[Collected data entries]
[Start of Attachment]
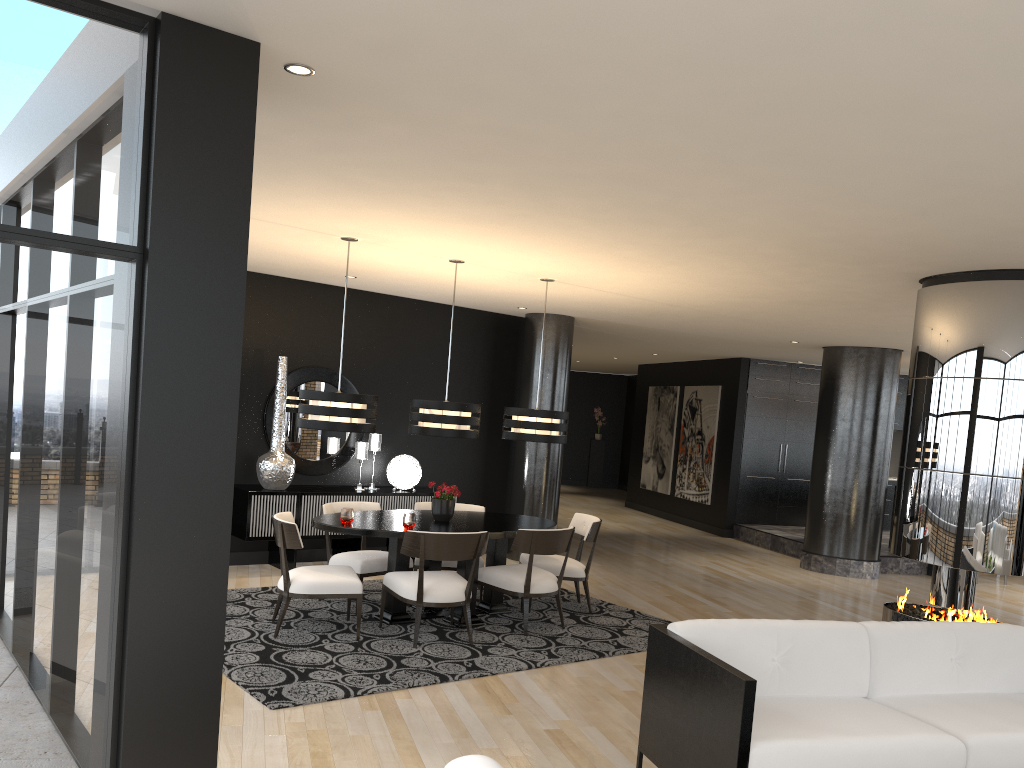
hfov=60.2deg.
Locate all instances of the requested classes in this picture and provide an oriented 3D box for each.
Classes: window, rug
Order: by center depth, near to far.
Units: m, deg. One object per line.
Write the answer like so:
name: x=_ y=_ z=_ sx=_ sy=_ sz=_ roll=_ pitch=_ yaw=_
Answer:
window: x=4.807 y=-0.171 z=6.365 sx=15.933 sy=4.801 sz=10.078 roll=5 pitch=-1 yaw=-30
rug: x=-0.650 y=1.807 z=6.808 sx=3.733 sy=0.011 sz=2.704 roll=6 pitch=-2 yaw=-39

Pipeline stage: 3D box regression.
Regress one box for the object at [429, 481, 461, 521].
object: x=-0.515 y=0.900 z=6.761 sx=0.238 sy=0.299 sz=0.227 roll=3 pitch=2 yaw=-36

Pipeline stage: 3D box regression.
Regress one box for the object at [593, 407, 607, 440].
object: x=2.087 y=0.938 z=21.021 sx=0.338 sy=0.790 sz=0.228 roll=5 pitch=3 yaw=13

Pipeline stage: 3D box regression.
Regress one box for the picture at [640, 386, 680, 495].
picture: x=2.643 y=0.981 z=15.723 sx=0.077 sy=1.881 sz=1.149 roll=4 pitch=2 yaw=-16

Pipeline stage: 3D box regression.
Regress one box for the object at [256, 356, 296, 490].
object: x=-2.123 y=0.356 z=8.039 sx=0.344 sy=1.214 sz=0.341 roll=3 pitch=4 yaw=-30

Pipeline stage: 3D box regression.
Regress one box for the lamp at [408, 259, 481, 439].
lamp: x=-0.467 y=-0.268 z=6.669 sx=0.537 sy=1.334 sz=0.532 roll=2 pitch=4 yaw=-39

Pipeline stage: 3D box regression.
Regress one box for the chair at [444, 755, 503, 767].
chair: x=0.267 y=1.297 z=1.760 sx=0.856 sy=0.859 sz=0.997 roll=4 pitch=1 yaw=-16

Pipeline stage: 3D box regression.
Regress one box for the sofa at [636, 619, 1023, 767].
sofa: x=1.674 y=1.503 z=3.854 sx=2.035 sy=0.807 sz=0.834 roll=5 pitch=1 yaw=-16

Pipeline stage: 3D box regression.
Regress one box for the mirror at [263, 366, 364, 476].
mirror: x=-1.917 y=0.364 z=8.648 sx=1.079 sy=1.082 sz=0.025 roll=4 pitch=3 yaw=-38

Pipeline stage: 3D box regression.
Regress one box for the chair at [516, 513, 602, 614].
chair: x=0.417 y=1.516 z=7.506 sx=0.617 sy=0.809 sz=0.640 roll=4 pitch=2 yaw=-10

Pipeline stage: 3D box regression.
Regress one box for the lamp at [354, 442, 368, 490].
lamp: x=-1.485 y=0.801 z=8.662 sx=0.125 sy=0.467 sz=0.131 roll=4 pitch=3 yaw=-16

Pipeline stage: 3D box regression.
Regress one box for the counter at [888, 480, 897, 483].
counter: x=6.087 y=1.579 z=14.531 sx=2.866 sy=0.034 sz=0.728 roll=5 pitch=-2 yaw=-16

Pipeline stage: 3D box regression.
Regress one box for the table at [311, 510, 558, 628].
table: x=-0.562 y=1.433 z=6.812 sx=2.112 sy=0.772 sz=1.203 roll=5 pitch=-1 yaw=-37

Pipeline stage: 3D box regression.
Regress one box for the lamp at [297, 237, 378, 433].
lamp: x=-1.170 y=-0.342 z=6.109 sx=0.537 sy=1.334 sz=0.532 roll=2 pitch=4 yaw=-39

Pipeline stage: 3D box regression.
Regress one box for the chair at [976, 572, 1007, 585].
chair: x=5.885 y=1.992 z=11.046 sx=0.477 sy=0.967 sz=0.516 roll=4 pitch=3 yaw=-16

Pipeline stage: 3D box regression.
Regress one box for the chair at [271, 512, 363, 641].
chair: x=-1.378 y=1.328 z=6.133 sx=0.617 sy=0.809 sz=0.639 roll=4 pitch=2 yaw=-18

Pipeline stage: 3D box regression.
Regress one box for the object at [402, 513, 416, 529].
object: x=-0.723 y=0.960 z=6.202 sx=0.095 sy=0.106 sz=0.095 roll=4 pitch=1 yaw=-28

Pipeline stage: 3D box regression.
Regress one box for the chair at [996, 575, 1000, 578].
chair: x=6.638 y=2.060 z=11.269 sx=0.477 sy=0.967 sz=0.516 roll=4 pitch=3 yaw=-16

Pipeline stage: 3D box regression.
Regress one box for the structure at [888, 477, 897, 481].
structure: x=6.094 y=1.555 z=14.511 sx=0.902 sy=0.067 sz=0.518 roll=5 pitch=-2 yaw=-16

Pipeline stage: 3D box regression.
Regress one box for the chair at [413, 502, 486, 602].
chair: x=-0.539 y=1.439 z=7.493 sx=0.643 sy=0.809 sz=0.613 roll=4 pitch=2 yaw=-10

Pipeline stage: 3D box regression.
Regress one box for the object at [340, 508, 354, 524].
object: x=-1.156 y=0.925 z=6.191 sx=0.095 sy=0.106 sz=0.095 roll=5 pitch=1 yaw=17

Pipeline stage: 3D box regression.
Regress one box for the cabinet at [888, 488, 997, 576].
cabinet: x=6.760 y=2.046 z=11.781 sx=3.120 sy=1.042 sz=1.174 roll=5 pitch=0 yaw=-16

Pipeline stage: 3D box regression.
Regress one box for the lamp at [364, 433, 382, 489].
lamp: x=-1.382 y=0.772 z=8.815 sx=0.132 sy=0.552 sz=0.124 roll=5 pitch=3 yaw=14

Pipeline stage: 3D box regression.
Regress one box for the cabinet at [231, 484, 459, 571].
cabinet: x=-1.631 y=1.406 z=8.641 sx=2.244 sy=0.769 sz=0.607 roll=6 pitch=1 yaw=-38

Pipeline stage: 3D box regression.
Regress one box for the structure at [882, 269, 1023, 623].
structure: x=2.940 y=0.693 z=5.743 sx=0.588 sy=2.753 sz=0.886 roll=3 pitch=4 yaw=-28

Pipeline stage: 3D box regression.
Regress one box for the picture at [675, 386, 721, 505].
picture: x=3.034 y=0.970 z=14.378 sx=0.077 sy=1.881 sz=1.149 roll=4 pitch=2 yaw=-16

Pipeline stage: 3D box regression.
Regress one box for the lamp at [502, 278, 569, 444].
lamp: x=0.236 y=-0.193 z=7.228 sx=0.537 sy=1.334 sz=0.532 roll=2 pitch=4 yaw=-39

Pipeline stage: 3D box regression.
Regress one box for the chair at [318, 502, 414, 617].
chair: x=-1.186 y=1.372 z=7.025 sx=0.613 sy=0.809 sz=0.644 roll=6 pitch=2 yaw=37

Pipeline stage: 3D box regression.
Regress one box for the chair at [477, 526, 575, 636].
chair: x=0.109 y=1.468 z=6.756 sx=0.613 sy=0.809 sz=0.644 roll=6 pitch=2 yaw=44

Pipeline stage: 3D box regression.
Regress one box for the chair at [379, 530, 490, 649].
chair: x=-0.545 y=1.397 z=6.190 sx=0.644 sy=0.809 sz=0.612 roll=4 pitch=2 yaw=-29

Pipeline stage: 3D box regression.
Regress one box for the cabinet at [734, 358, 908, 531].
cabinet: x=6.132 y=1.123 z=14.479 sx=5.738 sy=2.537 sz=0.723 roll=5 pitch=3 yaw=-16
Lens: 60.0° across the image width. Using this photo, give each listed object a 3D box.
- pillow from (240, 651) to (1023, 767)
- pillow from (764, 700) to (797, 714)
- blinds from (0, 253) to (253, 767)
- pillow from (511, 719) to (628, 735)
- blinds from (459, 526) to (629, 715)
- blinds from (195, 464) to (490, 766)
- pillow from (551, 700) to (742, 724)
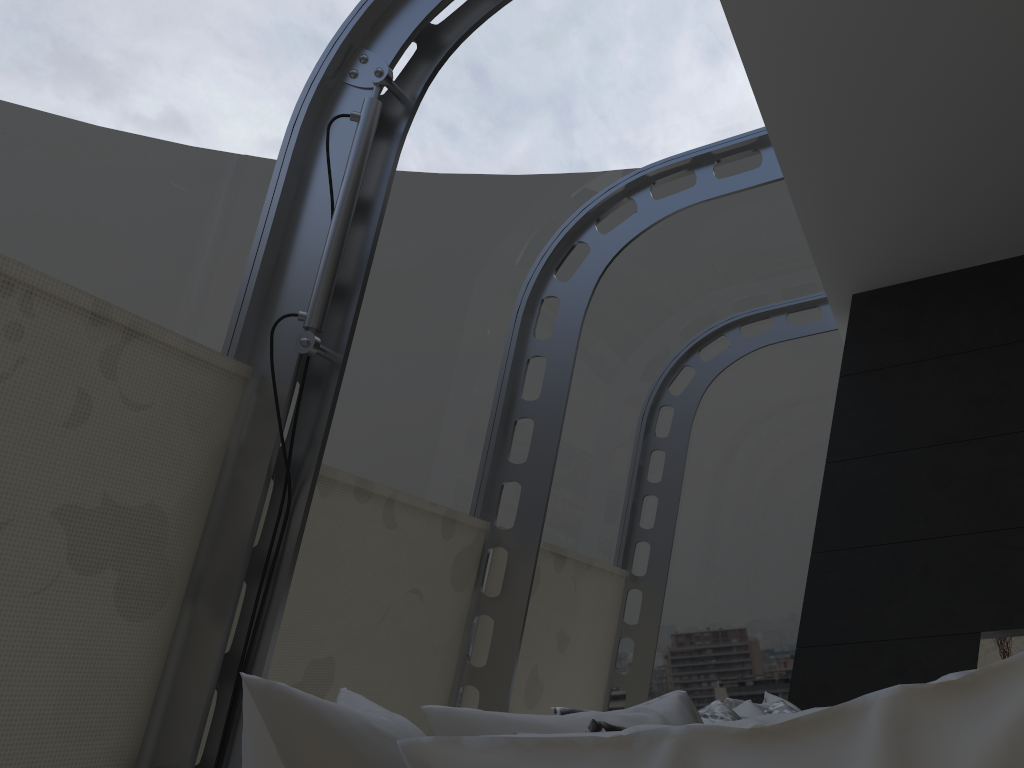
[{"bbox_3d":[0.506,0.802,1.626,1.656,0.530,3.322,-2,-21,-5],"label":"pillow"},{"bbox_3d":[0.812,1.135,2.502,0.383,0.463,0.606,-22,-28,40],"label":"pillow"},{"bbox_3d":[-1.182,0.360,1.891,0.387,1.214,1.376,-13,-23,23],"label":"blinds"},{"bbox_3d":[0.232,0.650,1.062,0.405,0.483,0.599,-1,-21,-6],"label":"pillow"},{"bbox_3d":[0.221,1.410,4.629,0.330,1.028,1.766,-13,-23,23],"label":"blinds"},{"bbox_3d":[-0.527,0.908,3.180,0.329,1.027,1.430,-13,-23,23],"label":"blinds"},{"bbox_3d":[0.428,0.871,1.761,0.608,0.467,0.382,16,-28,-42],"label":"pillow"}]
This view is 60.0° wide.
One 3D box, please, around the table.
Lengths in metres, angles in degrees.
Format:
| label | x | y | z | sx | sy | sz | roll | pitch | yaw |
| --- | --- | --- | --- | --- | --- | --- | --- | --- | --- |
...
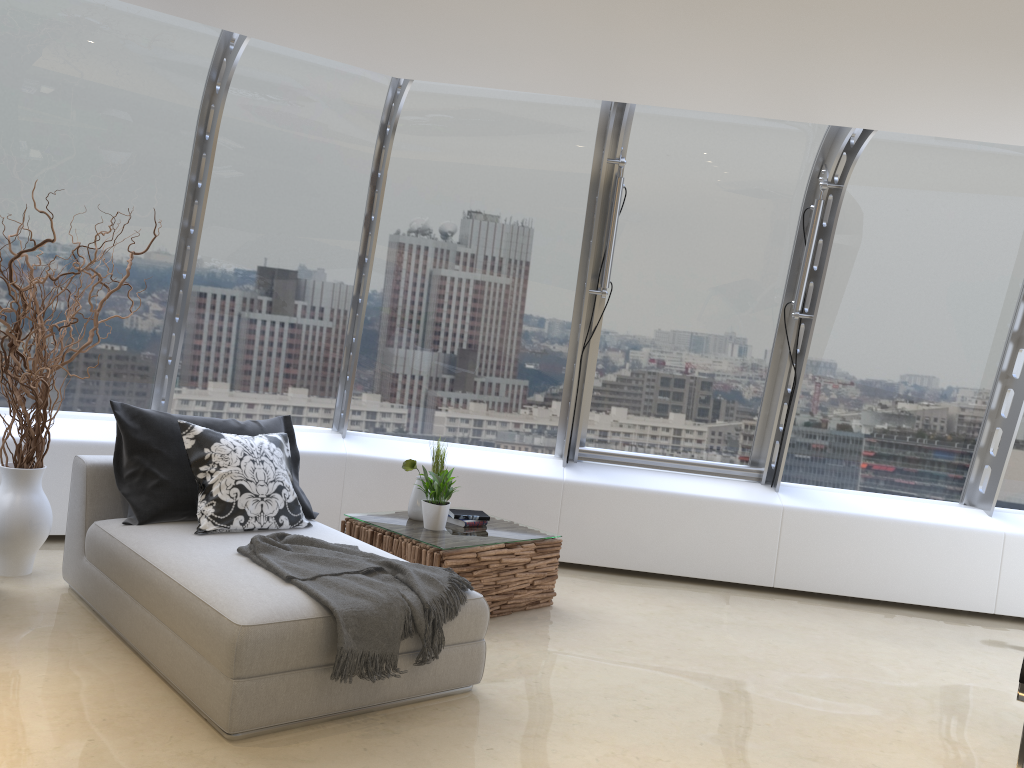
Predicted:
| label | x | y | z | sx | sy | sz | roll | pitch | yaw |
| --- | --- | --- | --- | --- | --- | --- | --- | --- | --- |
| table | -0.364 | 1.046 | 5.222 | 0.923 | 0.436 | 1.007 | 8 | 2 | 43 |

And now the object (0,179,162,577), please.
| label | x | y | z | sx | sy | sz | roll | pitch | yaw |
| --- | --- | --- | --- | --- | --- | --- | --- | --- | --- |
| object | -2.731 | -0.037 | 4.553 | 1.370 | 2.059 | 1.508 | 6 | 2 | -11 |

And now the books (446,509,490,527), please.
| label | x | y | z | sx | sy | sz | roll | pitch | yaw |
| --- | --- | --- | --- | --- | --- | --- | --- | --- | --- |
| books | -0.267 | 0.805 | 5.310 | 0.265 | 0.063 | 0.246 | 6 | 2 | -25 |

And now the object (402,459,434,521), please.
| label | x | y | z | sx | sy | sz | roll | pitch | yaw |
| --- | --- | --- | --- | --- | --- | --- | --- | --- | --- |
| object | -0.568 | 0.619 | 5.216 | 0.152 | 0.370 | 0.297 | 8 | 2 | 33 |

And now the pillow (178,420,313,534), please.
| label | x | y | z | sx | sy | sz | roll | pitch | yaw |
| --- | --- | --- | --- | --- | --- | --- | --- | --- | --- |
| pillow | -1.329 | 0.473 | 4.462 | 0.431 | 0.528 | 0.683 | 8 | 2 | 43 |

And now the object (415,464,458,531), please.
| label | x | y | z | sx | sy | sz | roll | pitch | yaw |
| --- | --- | --- | --- | --- | --- | --- | --- | --- | --- |
| object | -0.427 | 0.643 | 5.052 | 0.284 | 0.369 | 0.215 | 7 | 2 | 21 |

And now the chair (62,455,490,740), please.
| label | x | y | z | sx | sy | sz | roll | pitch | yaw |
| --- | --- | --- | --- | --- | --- | --- | --- | --- | --- |
| chair | -1.188 | 0.844 | 4.192 | 1.176 | 0.690 | 2.068 | 5 | 2 | -41 |

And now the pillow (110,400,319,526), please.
| label | x | y | z | sx | sy | sz | roll | pitch | yaw |
| --- | --- | --- | --- | --- | --- | --- | --- | --- | --- |
| pillow | -1.547 | 0.424 | 4.668 | 1.070 | 0.597 | 0.510 | 5 | 2 | -42 |

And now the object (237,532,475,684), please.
| label | x | y | z | sx | sy | sz | roll | pitch | yaw |
| --- | --- | --- | --- | --- | --- | --- | --- | --- | --- |
| object | -0.644 | 0.889 | 3.820 | 0.825 | 0.359 | 1.024 | 5 | 2 | -43 |

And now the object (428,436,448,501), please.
| label | x | y | z | sx | sy | sz | roll | pitch | yaw |
| --- | --- | --- | --- | --- | --- | --- | --- | --- | --- |
| object | -0.464 | 0.553 | 5.432 | 0.153 | 0.511 | 0.150 | 5 | 2 | -43 |

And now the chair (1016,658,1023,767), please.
| label | x | y | z | sx | sy | sz | roll | pitch | yaw |
| --- | --- | --- | --- | --- | --- | --- | --- | --- | --- |
| chair | 2.297 | 1.151 | 3.202 | 0.752 | 0.972 | 0.943 | 8 | 2 | 38 |
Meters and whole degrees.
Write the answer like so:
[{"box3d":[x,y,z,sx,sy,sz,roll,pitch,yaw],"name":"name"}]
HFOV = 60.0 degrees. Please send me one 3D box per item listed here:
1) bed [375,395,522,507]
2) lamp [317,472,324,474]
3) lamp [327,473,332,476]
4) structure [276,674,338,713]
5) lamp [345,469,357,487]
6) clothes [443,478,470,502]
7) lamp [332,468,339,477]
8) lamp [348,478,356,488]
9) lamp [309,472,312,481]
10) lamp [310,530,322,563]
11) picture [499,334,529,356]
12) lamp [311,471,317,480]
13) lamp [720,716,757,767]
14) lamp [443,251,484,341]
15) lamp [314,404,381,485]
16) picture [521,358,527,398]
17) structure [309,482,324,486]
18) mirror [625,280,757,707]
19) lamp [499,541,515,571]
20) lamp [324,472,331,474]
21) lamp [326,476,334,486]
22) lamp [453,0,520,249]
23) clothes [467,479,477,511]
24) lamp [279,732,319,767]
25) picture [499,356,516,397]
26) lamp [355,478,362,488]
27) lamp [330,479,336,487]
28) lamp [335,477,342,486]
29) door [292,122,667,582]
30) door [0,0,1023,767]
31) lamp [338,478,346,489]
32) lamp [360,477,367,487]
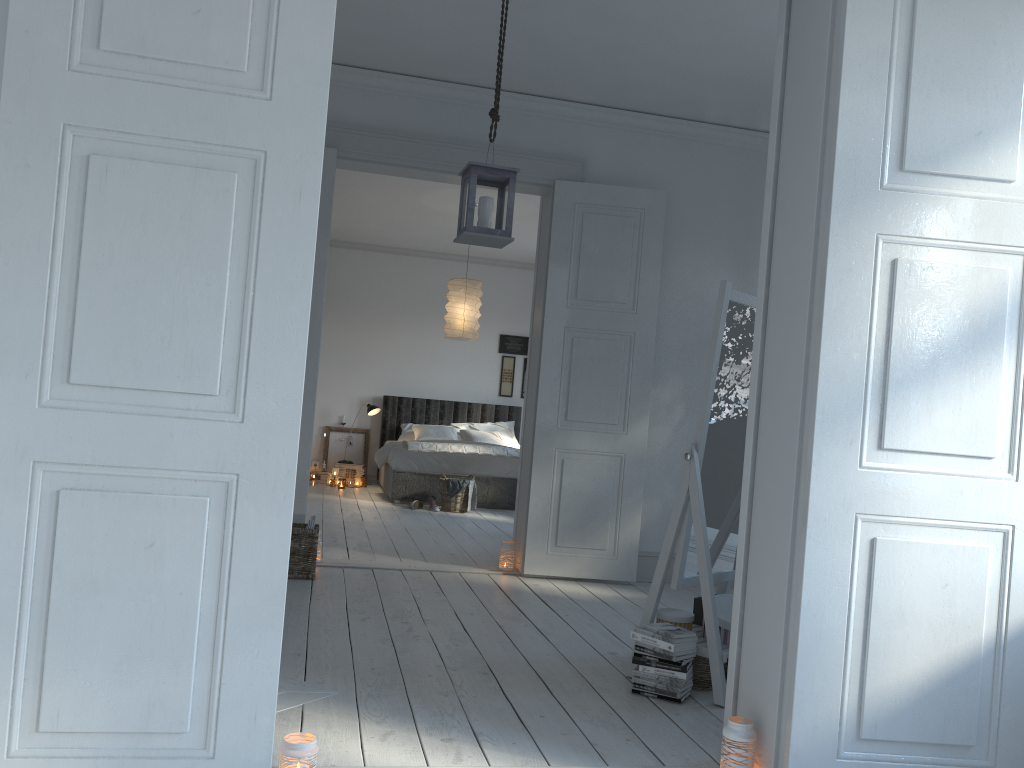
[End of Attachment]
### [THE PROBLEM]
Copy out exactly the lines between the line containing "20) lamp [324,472,331,474]" and the end of the entries, including both, and leave the pictures behind.

### [EXERCISE SOLUTION]
20) lamp [324,472,331,474]
21) lamp [326,476,334,486]
22) lamp [453,0,520,249]
23) clothes [467,479,477,511]
24) lamp [279,732,319,767]
25) picture [499,356,516,397]
26) lamp [355,478,362,488]
27) lamp [330,479,336,487]
28) lamp [335,477,342,486]
29) door [292,122,667,582]
30) door [0,0,1023,767]
31) lamp [338,478,346,489]
32) lamp [360,477,367,487]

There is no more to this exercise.